“佩兰姐今日气色似乎有些倦怠,可是近来太过操劳?”珍鸽接过茶杯,目光在秦佩兰眉宇间那抹挥之不去的愁色上停留一瞬,语气平和地问道。
秦佩兰叹了口气,苦笑道:“不瞒妹子,这年关将近,外面看着热闹,我这心里头,却是七上八下的。”她挥退了侍立的丫鬟,厅内只剩下她们二人。
她斟酌着词句,继续说道:“妹子你也知道,姐姐我经营这‘锦翠阁’,表面风光,内里的艰辛却是如人饮水,冷暖自知。这行当,终究不是长久之计。如今世道变化快,新人笑,旧人哭,姐姐我这把年纪,也该为自己寻条后路了。”
珍鸽静静听着,并未插言,只是偶尔啜一口茶,神色一如既往的平静。
秦佩兰见她如此沉得住气,心下更觉这女子深不可测,便也不再绕弯子,直接切入主题:“前些日子,秀娥妹子送了我几件绣活,那手艺,真是让姐姐我大开眼界。不瞒妹子说,我拿给几个有头脸的客人太太看了,都是赞不绝口,愿意出高价购买甚至订做。”
她身体微微前倾,压低了声音,眼神热切地看着珍鸽:“妹子,姐姐今日请你来,实不相瞒,是有一事相求,或者说,是想向妹子‘求策’。”
“哦?佩兰姐但说无妨。”珍鸽放下茶杯,目光清澈地看着她。
“我想着,”秦佩兰深吸一口气,将自己的计划和盘托出,“光靠秀娥妹子一个人接些零散活计,终究难成气候。若是……若是我们能将这绣活的生意做大呢?我出面联络人脉,寻找客源,甚至可以在租界那边盘个小铺面;秀娥妹子负责刺绣,她的手艺,加上妹子你提供的那些精妙图样,定然能打开局面。这绝非那些寻常绣庄可比,我们做的是高端、精品,专供那些洋人、买办和讲究的富家太太小姐,价钱自然水涨船高。”

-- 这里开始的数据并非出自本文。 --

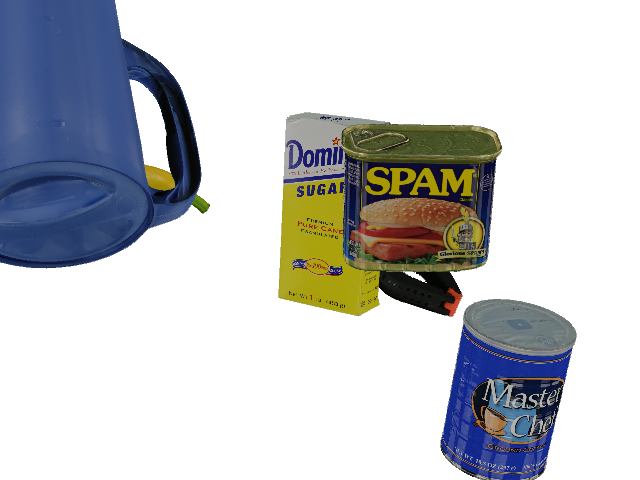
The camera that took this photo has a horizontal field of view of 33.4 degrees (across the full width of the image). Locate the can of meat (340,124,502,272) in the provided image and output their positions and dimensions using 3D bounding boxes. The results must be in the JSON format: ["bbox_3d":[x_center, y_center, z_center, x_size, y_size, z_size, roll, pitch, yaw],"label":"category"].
[{"bbox_3d":[0.063,-0.027,0.699,0.102,0.084,0.057,1,25,1],"label":"can of meat"}]

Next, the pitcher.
[{"bbox_3d":[-0.188,-0.111,0.774,0.145,0.243,0.149,-21,-31,17],"label":"pitcher"}]

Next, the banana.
[{"bbox_3d":[-0.202,-0.033,1.007,0.198,0.069,0.037,-13,19,27],"label":"banana"}]

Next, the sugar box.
[{"bbox_3d":[0.011,-0.026,0.989,0.093,0.176,0.048,10,18,30],"label":"sugar box"}]

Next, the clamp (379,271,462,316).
[{"bbox_3d":[0.071,0.021,1.246,0.164,0.036,0.210,-21,51,-38],"label":"clamp"}]

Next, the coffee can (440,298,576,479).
[{"bbox_3d":[0.173,0.139,0.995,0.103,0.140,0.103,6,21,-3],"label":"coffee can"}]
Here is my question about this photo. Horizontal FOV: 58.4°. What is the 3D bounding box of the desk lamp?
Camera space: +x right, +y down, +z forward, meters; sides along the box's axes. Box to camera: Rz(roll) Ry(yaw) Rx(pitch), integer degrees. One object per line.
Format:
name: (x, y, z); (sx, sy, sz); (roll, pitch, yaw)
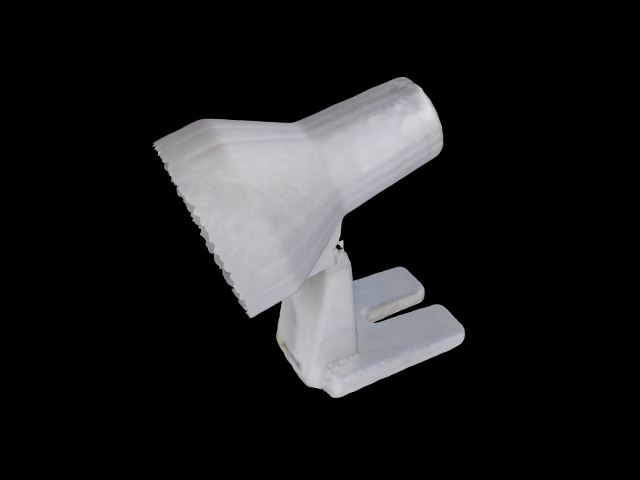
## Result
desk lamp: (0.004, 0.001, 0.400); (0.204, 0.214, 0.117); (-17, 40, -22)
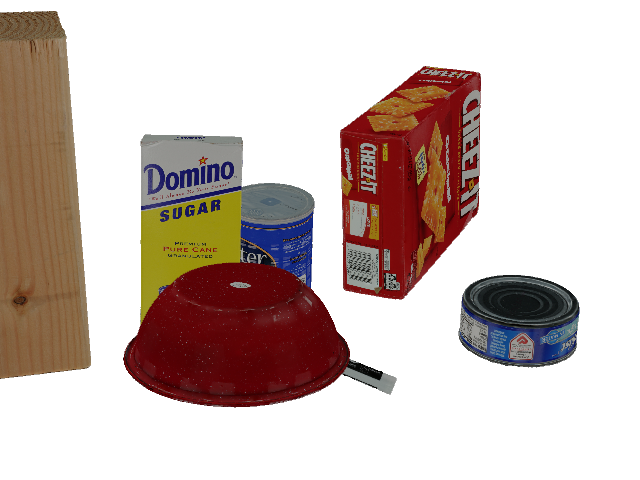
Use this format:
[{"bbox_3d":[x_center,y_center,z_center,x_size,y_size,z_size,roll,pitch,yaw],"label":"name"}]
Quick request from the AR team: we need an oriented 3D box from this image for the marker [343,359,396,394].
[{"bbox_3d":[0.020,0.128,1.103,0.121,0.020,0.020,22,2,6],"label":"marker"}]

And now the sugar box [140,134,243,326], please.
[{"bbox_3d":[-0.118,-0.007,0.978,0.093,0.176,0.048,0,14,-5],"label":"sugar box"}]

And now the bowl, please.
[{"bbox_3d":[-0.058,0.056,0.755,0.162,0.055,0.162,1,19,-1],"label":"bowl"}]

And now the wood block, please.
[{"bbox_3d":[-0.195,-0.028,0.649,0.090,0.206,0.090,-5,23,-16],"label":"wood block"}]

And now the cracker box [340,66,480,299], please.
[{"bbox_3d":[0.094,-0.062,1.044,0.072,0.164,0.213,11,28,25],"label":"cracker box"}]

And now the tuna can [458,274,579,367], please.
[{"bbox_3d":[0.144,0.057,0.777,0.086,0.034,0.086,0,23,0],"label":"tuna can"}]

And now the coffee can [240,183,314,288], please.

她越说越激动,眼中闪烁着精明算计的光芒:“这生意若是做成了,不仅秀娥妹子能彻底翻身,姐姐我也算是有了一份清白踏实、能传下去的产业,不必再在这风月场中浮沉。不知妹子……意下如何?可否愿意再助姐姐一臂之力?”
她紧紧盯着珍鸽,手心因紧张而微微出汗。这个计划的关键,就在于珍鸽是否愿意继续提供那些独一无二的图样,以及……她那深藏不露的“点拨”能力。没有珍鸽,许秀娥的手艺或许不错,但绝不可能达到如今这种令人惊艳的程度;没有那些新颖别致的图样,这生意也缺乏核心竞争力。
珍鸽沉默了片刻,指尖轻轻摩挲着温热的茶杯壁。厅内静得能听到窗外寒风吹过的呼啸声。
秦佩兰的心,随着这沉默,一点点提了起来。